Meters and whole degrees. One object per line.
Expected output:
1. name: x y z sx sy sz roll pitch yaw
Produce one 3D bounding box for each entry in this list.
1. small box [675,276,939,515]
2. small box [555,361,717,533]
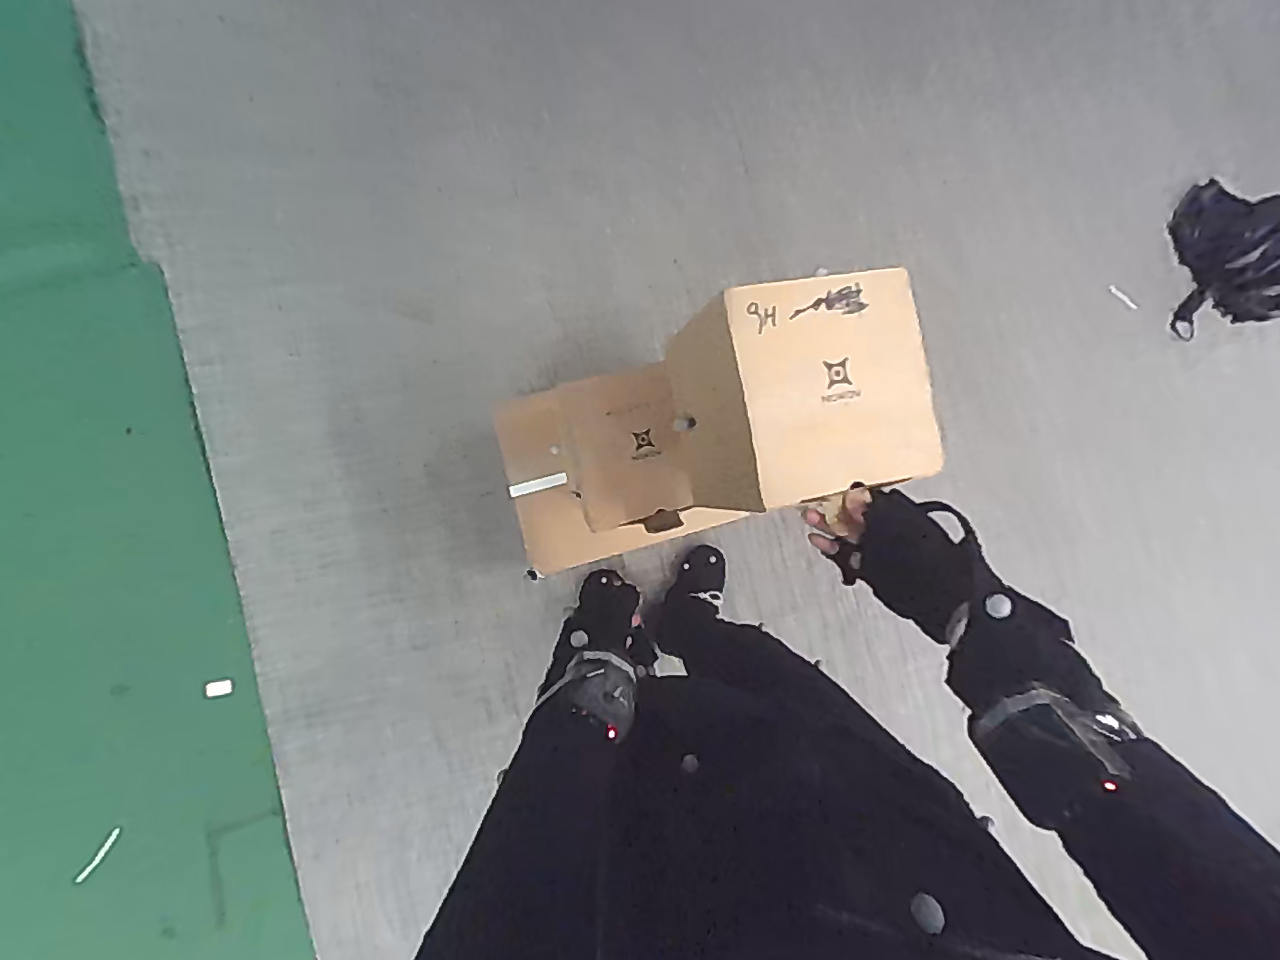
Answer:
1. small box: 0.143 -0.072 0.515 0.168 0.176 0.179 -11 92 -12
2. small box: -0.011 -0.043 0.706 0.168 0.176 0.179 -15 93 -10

:::

Copy verbatim the span that opens at the line with "1. small box [675,276,939,515]" and closes at the final line of the listing. Do not carry over any pictures.

1. small box [675,276,939,515]
2. small box [555,361,717,533]
Answer:
1. small box: 0.143 -0.072 0.515 0.168 0.176 0.179 -11 92 -12
2. small box: -0.011 -0.043 0.706 0.168 0.176 0.179 -15 93 -10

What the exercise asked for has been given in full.